[[ Records to use, beginning ]]

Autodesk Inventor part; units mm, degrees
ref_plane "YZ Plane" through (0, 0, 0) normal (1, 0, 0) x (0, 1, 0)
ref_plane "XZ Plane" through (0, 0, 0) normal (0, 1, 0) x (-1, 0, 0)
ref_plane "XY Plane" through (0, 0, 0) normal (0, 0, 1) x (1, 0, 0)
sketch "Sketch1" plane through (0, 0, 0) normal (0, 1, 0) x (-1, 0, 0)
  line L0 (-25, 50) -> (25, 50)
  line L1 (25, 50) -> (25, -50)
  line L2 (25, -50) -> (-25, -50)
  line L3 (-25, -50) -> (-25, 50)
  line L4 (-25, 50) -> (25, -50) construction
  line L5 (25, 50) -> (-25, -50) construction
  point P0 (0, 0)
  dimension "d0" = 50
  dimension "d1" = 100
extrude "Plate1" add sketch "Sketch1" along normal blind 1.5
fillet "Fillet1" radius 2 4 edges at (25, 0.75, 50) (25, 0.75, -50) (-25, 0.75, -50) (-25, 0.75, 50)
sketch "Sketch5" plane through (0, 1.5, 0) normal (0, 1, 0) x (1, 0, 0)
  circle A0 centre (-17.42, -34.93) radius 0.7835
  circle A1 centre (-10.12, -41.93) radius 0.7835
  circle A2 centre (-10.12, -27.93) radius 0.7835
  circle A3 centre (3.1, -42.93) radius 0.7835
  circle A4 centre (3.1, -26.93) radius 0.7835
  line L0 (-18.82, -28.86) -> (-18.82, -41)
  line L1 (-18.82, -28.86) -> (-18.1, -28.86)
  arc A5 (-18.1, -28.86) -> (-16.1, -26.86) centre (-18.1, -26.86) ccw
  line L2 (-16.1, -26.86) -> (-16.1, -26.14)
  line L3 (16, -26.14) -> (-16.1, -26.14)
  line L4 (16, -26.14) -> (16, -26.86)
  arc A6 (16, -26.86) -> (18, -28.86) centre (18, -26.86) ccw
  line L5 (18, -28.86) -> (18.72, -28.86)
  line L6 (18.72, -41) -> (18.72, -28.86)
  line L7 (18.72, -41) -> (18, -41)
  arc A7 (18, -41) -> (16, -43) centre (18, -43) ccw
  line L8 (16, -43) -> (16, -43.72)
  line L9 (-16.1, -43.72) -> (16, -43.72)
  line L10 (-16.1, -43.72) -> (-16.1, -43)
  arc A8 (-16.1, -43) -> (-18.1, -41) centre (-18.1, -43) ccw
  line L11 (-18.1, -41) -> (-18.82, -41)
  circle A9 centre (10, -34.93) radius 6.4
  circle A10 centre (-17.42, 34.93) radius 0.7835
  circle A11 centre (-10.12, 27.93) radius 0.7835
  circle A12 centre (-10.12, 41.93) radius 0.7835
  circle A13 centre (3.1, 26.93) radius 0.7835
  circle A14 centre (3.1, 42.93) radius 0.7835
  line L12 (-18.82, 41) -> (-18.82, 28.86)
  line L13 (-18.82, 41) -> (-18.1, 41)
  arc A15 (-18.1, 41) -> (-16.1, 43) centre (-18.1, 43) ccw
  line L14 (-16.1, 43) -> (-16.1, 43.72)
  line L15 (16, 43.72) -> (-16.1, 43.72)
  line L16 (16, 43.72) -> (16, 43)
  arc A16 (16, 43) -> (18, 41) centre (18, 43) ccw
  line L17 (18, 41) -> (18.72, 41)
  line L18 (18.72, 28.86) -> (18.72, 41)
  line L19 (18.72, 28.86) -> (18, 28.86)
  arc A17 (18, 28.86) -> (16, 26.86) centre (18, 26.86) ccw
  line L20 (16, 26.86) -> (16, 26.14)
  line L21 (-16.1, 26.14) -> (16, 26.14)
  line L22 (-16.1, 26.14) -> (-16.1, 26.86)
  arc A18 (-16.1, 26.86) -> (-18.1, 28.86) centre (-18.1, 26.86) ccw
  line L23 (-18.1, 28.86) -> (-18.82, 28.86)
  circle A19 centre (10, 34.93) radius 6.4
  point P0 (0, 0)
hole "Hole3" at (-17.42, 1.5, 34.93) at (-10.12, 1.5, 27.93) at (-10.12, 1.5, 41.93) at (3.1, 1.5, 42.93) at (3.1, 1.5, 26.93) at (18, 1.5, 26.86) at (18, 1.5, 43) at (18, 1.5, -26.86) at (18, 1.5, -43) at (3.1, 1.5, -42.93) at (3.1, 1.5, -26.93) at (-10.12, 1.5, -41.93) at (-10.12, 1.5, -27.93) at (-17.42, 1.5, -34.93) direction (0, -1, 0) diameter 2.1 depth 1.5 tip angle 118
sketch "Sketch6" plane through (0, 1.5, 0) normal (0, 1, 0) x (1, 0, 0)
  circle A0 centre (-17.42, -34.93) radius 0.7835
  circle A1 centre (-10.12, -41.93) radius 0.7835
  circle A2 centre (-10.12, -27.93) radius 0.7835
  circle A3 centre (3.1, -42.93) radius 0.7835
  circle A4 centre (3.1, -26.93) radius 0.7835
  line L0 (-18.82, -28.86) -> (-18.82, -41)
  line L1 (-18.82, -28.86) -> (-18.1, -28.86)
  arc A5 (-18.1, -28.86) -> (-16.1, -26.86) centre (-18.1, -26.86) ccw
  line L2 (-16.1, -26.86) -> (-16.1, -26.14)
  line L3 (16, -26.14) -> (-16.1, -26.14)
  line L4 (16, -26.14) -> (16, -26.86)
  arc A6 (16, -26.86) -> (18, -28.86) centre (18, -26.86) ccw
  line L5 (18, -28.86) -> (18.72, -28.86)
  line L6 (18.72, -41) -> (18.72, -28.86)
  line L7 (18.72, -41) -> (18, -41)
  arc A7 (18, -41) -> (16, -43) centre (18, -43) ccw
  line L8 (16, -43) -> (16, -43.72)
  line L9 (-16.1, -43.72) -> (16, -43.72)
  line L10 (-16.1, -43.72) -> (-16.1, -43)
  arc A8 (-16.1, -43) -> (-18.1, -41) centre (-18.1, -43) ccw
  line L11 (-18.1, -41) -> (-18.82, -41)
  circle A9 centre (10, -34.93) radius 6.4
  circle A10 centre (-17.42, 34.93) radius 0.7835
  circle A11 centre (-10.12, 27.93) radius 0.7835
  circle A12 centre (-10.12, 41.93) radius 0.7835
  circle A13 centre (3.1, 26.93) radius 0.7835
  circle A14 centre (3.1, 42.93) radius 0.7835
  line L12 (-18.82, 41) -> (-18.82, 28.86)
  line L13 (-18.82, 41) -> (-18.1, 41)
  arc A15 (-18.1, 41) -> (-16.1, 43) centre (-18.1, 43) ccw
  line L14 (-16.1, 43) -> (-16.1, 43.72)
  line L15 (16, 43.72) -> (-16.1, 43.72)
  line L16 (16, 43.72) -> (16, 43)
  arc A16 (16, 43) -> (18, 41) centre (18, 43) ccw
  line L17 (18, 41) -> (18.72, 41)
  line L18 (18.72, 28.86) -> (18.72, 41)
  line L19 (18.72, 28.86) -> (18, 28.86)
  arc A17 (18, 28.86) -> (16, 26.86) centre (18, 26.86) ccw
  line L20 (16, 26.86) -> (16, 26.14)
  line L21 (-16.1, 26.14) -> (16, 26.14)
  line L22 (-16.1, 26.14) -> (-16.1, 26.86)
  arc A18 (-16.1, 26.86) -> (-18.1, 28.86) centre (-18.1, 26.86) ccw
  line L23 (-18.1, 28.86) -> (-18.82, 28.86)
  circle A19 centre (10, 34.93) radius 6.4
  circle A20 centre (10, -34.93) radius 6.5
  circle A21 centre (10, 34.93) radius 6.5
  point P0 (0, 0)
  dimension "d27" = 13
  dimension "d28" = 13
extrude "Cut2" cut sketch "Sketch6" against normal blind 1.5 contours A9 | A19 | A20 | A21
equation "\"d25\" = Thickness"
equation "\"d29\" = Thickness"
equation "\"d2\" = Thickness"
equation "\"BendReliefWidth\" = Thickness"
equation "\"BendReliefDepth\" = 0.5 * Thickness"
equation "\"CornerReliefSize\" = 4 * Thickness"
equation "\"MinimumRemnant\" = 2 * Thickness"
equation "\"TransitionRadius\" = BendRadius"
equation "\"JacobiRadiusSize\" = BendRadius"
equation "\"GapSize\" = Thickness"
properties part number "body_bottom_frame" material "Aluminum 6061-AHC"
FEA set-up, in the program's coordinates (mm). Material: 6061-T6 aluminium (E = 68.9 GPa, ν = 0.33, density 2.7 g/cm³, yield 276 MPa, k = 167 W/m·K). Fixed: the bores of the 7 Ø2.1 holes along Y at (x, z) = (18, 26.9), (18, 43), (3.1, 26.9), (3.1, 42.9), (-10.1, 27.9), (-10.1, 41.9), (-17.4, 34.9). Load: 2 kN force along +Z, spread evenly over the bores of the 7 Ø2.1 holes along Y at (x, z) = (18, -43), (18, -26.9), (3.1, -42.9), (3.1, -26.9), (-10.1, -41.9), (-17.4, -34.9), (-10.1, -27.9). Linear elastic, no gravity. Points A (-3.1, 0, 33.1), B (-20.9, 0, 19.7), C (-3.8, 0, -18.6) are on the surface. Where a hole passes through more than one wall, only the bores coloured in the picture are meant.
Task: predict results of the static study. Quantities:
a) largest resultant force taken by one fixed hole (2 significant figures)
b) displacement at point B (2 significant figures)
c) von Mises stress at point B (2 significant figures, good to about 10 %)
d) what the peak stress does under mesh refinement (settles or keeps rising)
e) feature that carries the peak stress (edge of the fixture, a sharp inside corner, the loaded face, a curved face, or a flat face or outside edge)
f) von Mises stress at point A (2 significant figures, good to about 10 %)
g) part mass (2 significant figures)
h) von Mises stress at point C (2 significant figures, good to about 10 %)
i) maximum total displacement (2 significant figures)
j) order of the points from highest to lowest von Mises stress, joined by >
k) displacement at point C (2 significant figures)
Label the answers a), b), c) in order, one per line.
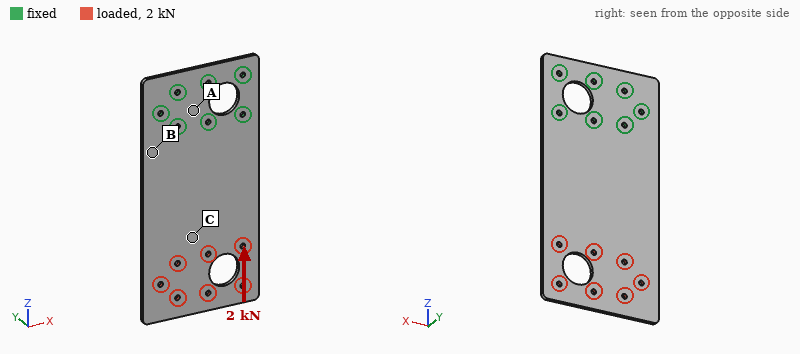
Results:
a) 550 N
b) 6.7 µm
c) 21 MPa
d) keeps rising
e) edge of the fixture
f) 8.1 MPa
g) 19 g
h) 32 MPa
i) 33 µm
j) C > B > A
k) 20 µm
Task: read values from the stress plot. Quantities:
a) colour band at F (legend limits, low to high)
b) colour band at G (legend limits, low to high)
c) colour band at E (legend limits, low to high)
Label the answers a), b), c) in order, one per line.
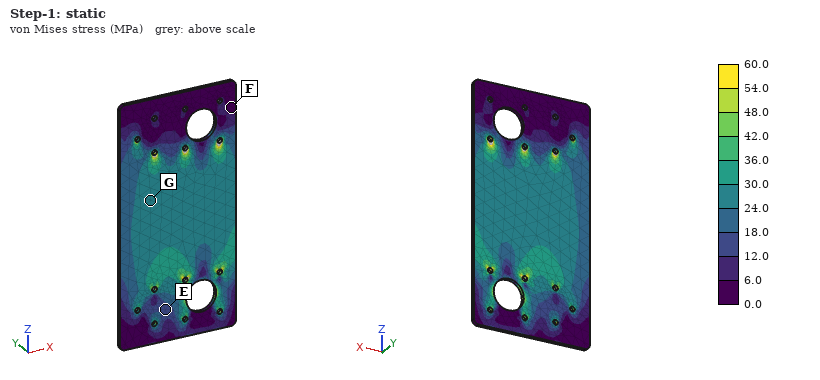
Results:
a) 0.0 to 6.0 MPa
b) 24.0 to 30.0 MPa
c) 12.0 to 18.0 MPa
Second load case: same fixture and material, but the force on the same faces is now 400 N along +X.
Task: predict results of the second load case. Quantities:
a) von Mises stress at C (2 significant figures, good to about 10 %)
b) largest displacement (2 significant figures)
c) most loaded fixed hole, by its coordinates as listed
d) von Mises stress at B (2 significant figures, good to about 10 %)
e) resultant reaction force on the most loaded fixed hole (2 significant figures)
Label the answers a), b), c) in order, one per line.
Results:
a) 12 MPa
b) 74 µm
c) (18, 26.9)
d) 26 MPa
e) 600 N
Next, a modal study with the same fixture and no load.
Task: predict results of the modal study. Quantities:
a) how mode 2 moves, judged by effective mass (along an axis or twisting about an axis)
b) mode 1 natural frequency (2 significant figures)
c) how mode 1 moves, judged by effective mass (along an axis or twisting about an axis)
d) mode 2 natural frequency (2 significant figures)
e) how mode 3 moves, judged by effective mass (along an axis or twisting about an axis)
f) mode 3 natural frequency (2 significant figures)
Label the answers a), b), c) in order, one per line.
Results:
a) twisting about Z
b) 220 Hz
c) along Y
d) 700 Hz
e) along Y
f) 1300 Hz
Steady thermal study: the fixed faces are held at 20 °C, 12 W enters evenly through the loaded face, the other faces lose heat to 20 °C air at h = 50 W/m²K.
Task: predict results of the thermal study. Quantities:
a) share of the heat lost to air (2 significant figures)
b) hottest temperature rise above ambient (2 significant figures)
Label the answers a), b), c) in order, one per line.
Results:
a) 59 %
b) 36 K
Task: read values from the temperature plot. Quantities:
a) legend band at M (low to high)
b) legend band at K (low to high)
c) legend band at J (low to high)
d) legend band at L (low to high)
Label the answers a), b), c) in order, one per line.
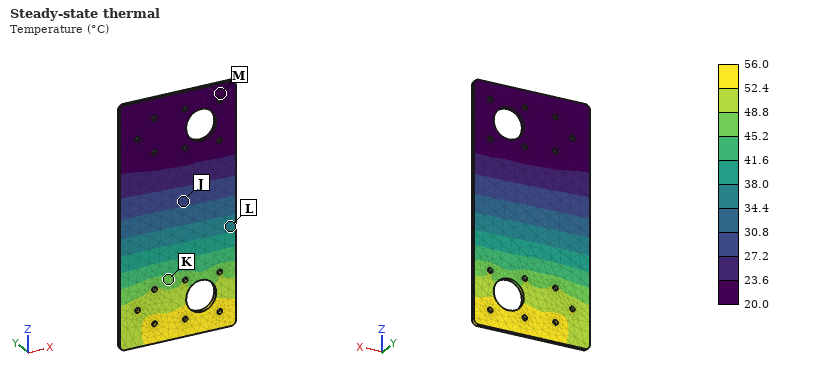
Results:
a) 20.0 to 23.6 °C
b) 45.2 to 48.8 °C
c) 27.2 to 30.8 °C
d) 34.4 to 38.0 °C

[[ Records to use, end ]]

Instructions to follow
Output only the lines above from the line that holds "d) what the" through the line that holds "Task: read values from the stress", both ends included, and exclude pictures.

Solved exercise
d) what the peak stress does under mesh refinement (settles or keeps rising)
e) feature that carries the peak stress (edge of the fixture, a sharp inside corner, the loaded face, a curved face, or a flat face or outside edge)
f) von Mises stress at point A (2 significant figures, good to about 10 %)
g) part mass (2 significant figures)
h) von Mises stress at point C (2 significant figures, good to about 10 %)
i) maximum total displacement (2 significant figures)
j) order of the points from highest to lowest von Mises stress, joined by >
k) displacement at point C (2 significant figures)
Label the answers a), b), c) in order, one per line.
Results:
a) 550 N
b) 6.7 µm
c) 21 MPa
d) keeps rising
e) edge of the fixture
f) 8.1 MPa
g) 19 g
h) 32 MPa
i) 33 µm
j) C > B > A
k) 20 µm
Task: read values from the stress plot. Quantities:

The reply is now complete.